Yemen is considered the wasteland of the world, and is fought over by its warlords, corrupt government, FBI, CIA, and the US State Department all of whom have divergent agendas. Thrust in this volatile mix is John Corey and his wife Kate Mayfield, and a couple of honest fellow do-gooders who, they soon learn, are pawns in a big orchestrated scheme which sees them expendable and threatening, by not the Yemeni government, but our own! John Corey’s street smarts honed in NYC, are beneficial even here in the remote desert of Yemen. And it’s a good thing, because it is the only thing that will save their lives.
This is a must read for the serious reader who enjoys a superb thriller that will keep you interested throughout the 625 pages that seem to fly by too quickly.

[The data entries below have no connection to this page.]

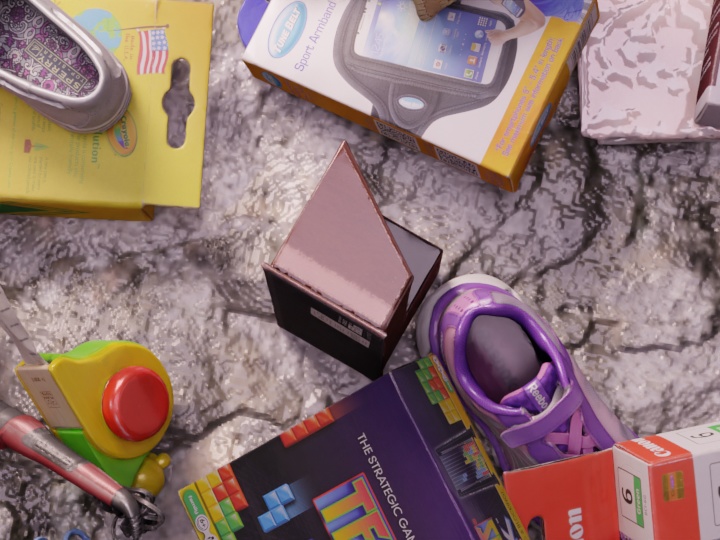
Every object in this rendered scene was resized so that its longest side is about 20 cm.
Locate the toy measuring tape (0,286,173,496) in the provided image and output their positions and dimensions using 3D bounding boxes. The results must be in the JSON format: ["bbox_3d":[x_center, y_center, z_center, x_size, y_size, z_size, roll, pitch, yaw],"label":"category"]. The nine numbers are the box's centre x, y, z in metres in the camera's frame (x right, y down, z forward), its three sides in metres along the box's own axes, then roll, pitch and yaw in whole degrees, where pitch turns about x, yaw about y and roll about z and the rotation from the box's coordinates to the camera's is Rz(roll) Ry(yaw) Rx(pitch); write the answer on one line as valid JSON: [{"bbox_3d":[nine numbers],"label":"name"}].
[{"bbox_3d":[-0.158,0.042,1.115,0.073,0.074,0.201,-29,112,-3],"label":"toy measuring tape"}]

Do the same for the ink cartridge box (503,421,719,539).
[{"bbox_3d":[0.182,0.145,1.086,0.199,0.050,0.110,-10,102,-18],"label":"ink cartridge box"}]

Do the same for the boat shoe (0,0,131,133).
[{"bbox_3d":[-0.218,-0.145,1.108,0.200,0.069,0.072,40,84,6],"label":"boat shoe"}]

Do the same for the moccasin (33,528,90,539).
[{"bbox_3d":[-0.190,0.182,1.111,0.199,0.080,0.069,-11,78,-2],"label":"moccasin"}]

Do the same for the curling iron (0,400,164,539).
[{"bbox_3d":[-0.191,0.099,1.120,0.199,0.050,0.026,29,54,22],"label":"curling iron"}]

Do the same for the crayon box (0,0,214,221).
[{"bbox_3d":[-0.186,-0.096,1.162,0.199,0.051,0.128,4,82,2],"label":"crayon box"}]

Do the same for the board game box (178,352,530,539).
[{"bbox_3d":[0.012,0.172,1.083,0.165,0.057,0.201,-32,81,32],"label":"board game box"}]

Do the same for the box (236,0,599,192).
[{"bbox_3d":[0.025,-0.140,1.159,0.199,0.041,0.120,25,83,11],"label":"box"}]

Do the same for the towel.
[{"bbox_3d":[0.225,-0.169,1.178,0.199,0.032,0.192,0,83,1],"label":"towel"}]

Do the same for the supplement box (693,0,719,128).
[{"bbox_3d":[0.262,-0.176,1.132,0.108,0.061,0.201,10,83,3],"label":"supplement box"}]

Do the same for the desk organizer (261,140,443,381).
[{"bbox_3d":[0.000,0.000,1.073,0.072,0.200,0.077,30,82,5],"label":"desk organizer"}]

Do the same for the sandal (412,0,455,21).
[{"bbox_3d":[0.028,-0.176,1.121,0.211,0.078,0.070,4,97,15],"label":"sandal"}]

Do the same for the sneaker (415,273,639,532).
[{"bbox_3d":[0.107,0.086,1.117,0.080,0.088,0.200,-39,86,-7],"label":"sneaker"}]

“The Triple Agent” by Jody Warrick
This Pulitzer Prize-winning author has written a well researched, detailed, yet interesting book about how out-of -touch CIA home office management, and ambitious field managers cooperated in an operation that saw a triple agent strap on a unusually lethal bombing vest and kill seven key officers in Khost , Afghanistan. This was the single worst loss of CIA operatives in decades. Despite the misgivings of knowledgeable field operators who correctly smelled a rat when supposed super spy Dr. Humam Khalil was asked to come to a meeting with his handlers, the Langley, VA management team ordered the Jordanian to meet with his handlers and an interrogation team with disastrous results. Blinded by Balawi’s well orchestrated feeding of information about the inner workings of al-Qaeda, they blundered forward with this ill-conceived plan. If you enjoy spy novels, you will certainly enjoy this book.

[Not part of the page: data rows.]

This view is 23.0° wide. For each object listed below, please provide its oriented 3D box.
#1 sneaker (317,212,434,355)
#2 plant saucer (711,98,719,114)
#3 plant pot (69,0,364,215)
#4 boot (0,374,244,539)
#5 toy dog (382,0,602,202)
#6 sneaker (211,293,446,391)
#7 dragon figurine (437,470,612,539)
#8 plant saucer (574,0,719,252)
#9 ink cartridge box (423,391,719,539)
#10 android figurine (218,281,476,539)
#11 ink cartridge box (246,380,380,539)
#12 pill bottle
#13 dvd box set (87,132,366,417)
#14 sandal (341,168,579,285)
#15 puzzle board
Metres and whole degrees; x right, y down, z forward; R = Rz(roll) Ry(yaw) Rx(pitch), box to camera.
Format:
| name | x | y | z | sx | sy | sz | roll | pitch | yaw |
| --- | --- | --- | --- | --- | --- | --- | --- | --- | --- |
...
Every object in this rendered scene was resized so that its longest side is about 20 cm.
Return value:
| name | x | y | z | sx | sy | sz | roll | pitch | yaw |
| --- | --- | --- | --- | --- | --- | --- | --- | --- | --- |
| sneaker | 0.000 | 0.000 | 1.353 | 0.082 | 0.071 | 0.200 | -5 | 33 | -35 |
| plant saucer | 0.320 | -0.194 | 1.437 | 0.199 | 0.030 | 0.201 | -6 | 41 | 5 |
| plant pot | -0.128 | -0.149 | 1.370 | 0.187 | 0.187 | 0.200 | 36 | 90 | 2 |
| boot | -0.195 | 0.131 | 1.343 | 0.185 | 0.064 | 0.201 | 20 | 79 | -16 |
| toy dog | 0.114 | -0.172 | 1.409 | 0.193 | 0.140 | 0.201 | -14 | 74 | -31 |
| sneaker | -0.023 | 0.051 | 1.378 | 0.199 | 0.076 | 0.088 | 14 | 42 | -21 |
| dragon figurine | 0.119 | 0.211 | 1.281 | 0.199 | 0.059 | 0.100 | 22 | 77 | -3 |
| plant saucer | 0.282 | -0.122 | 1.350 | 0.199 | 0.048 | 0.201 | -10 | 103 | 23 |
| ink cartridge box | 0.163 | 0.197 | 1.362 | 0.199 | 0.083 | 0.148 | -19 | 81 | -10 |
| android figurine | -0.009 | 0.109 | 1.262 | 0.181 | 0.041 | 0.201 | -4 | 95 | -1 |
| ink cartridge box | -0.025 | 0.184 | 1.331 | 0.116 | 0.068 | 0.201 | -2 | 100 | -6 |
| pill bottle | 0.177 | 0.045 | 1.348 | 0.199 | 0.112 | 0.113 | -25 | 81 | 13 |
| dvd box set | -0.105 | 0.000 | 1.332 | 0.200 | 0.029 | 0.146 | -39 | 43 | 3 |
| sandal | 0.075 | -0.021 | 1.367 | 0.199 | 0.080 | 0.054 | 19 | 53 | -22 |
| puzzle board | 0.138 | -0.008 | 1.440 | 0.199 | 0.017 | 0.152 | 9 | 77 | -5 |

“Stay Close” is the newest book by Harlan Coben and, like all of his others, it is a must read for mystery buffs. Harlan continues to create books that are full of twists and turns, where the end is never in sight. This one is set in New Jersey and features Atlantic City, but not the upscale casinos usually the only spots frequented by tourists. It finds a woman with a carefully hidden past suddenly thrust in the middle of a murder mystery that began in her “wild” days 17 years before and now threatens her placid family life. None of the events appear to make sense until the cop who has been working the case for almost two decades finally sniffs out a serial case unseen by others. “Stay Close” will indeed stay close to you until it’s finished!

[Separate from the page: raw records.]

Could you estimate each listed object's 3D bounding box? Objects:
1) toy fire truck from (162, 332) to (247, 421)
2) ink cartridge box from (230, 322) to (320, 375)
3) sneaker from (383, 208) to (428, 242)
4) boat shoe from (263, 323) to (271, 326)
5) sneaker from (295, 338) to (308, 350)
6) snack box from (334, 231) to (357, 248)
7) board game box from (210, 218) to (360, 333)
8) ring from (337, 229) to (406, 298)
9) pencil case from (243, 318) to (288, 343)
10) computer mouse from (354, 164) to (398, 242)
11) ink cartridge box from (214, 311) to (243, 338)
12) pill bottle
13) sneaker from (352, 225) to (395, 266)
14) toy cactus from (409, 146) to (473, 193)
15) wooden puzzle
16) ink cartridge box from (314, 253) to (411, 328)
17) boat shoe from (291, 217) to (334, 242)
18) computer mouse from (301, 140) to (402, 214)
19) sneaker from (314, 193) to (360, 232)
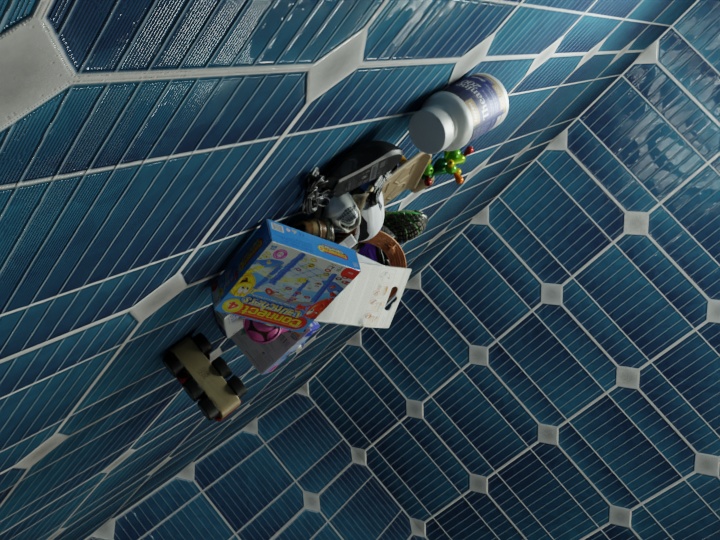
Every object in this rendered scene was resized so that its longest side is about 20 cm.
[{"bbox_3d":[-0.321,0.233,1.649,0.129,0.176,0.200,-38,171,-24],"label":"toy fire truck"},{"bbox_3d":[-0.193,0.130,1.824,0.200,0.136,0.076,-43,173,14],"label":"ink cartridge box"},{"bbox_3d":[0.060,-0.114,1.757,0.200,0.078,0.085,-3,-142,28],"label":"sneaker"},{"bbox_3d":[-0.158,0.053,1.574,0.063,0.073,0.201,-56,170,23],"label":"boat shoe"},{"bbox_3d":[-0.117,0.106,1.942,0.146,0.081,0.200,-23,-151,4],"label":"sneaker"},{"bbox_3d":[-0.074,-0.048,1.549,0.072,0.024,0.200,-40,-163,-14],"label":"snack box"},{"bbox_3d":[-0.136,0.016,1.410,0.200,0.056,0.196,18,129,-35],"label":"board game box"},{"bbox_3d":[0.000,0.000,1.661,0.200,0.200,0.019,-44,-157,18],"label":"ring"},{"bbox_3d":[-0.172,0.100,1.676,0.094,0.091,0.200,-9,-174,19],"label":"pencil case"},{"bbox_3d":[0.030,-0.123,1.527,0.200,0.044,0.110,105,8,-56],"label":"computer mouse"},{"bbox_3d":[-0.219,0.054,1.654,0.200,0.043,0.196,-37,171,-15],"label":"ink cartridge box"},{"bbox_3d":[0.181,-0.289,1.444,0.200,0.111,0.111,-35,169,-40],"label":"pill bottle"},{"bbox_3d":[0.019,-0.007,1.703,0.070,0.099,0.200,-28,140,-73],"label":"sneaker"},{"bbox_3d":[0.188,-0.236,1.871,0.165,0.102,0.200,-35,-175,38],"label":"toy cactus"},{"bbox_3d":[0.046,-0.178,1.659,0.200,0.046,0.185,-33,169,-18],"label":"wooden puzzle"},{"bbox_3d":[-0.010,0.041,1.657,0.200,0.047,0.160,7,118,-24],"label":"ink cartridge box"},{"bbox_3d":[-0.130,-0.046,1.473,0.074,0.076,0.200,4,152,-38],"label":"boat shoe"},{"bbox_3d":[-0.020,-0.178,1.348,0.200,0.053,0.139,-27,167,-16],"label":"computer mouse"},{"bbox_3d":[-0.038,-0.106,1.513,0.076,0.081,0.200,-42,173,-3],"label":"sneaker"}]

The Modern Woodmen of America generously have given Ricker Library beautiful new handmade shelving for the community room. This was much needed and we certainly appreciate this donation. As well as the shelving, we also received from them a wonderful picnic table.
“A Stolen Season” by Steve Hamilton
Sometimes it’s nice to read a mystery thriller set in a new and different venue. In this case, Michigan’s Upper Peninsular is the scene where an antique Chris Craft wooden boat crashes into an abandoned boat pier on the fourth of July leading to a mystery where policemen are killed and small town locals are threatened by big city mobsters. Ex-policeman Alex McKnight rescues the occupants of the boat, but rather than a happy occasion, it leads to the murder and mayhem that follows. The Great Lakes quite naturally play a role in events that occur both here and in Canada. The story is interesting and the flawed characters provide the backdrop for a plot that will leave the reader wondering what will happen next. The only fly in my personal ointment is the author’s lack of gun knowledge that causes me to wonder why he doesn’t seek input from someone that would make his venture into this arena a great deal more accurate and thus wouldn’t detract from the rest of the story which is factual in geography and nuance. If you are tired of many of the writers who seem to be cranking out a book a week like Pringles, this one with a good storyline in a different setting might just be your cup of tea.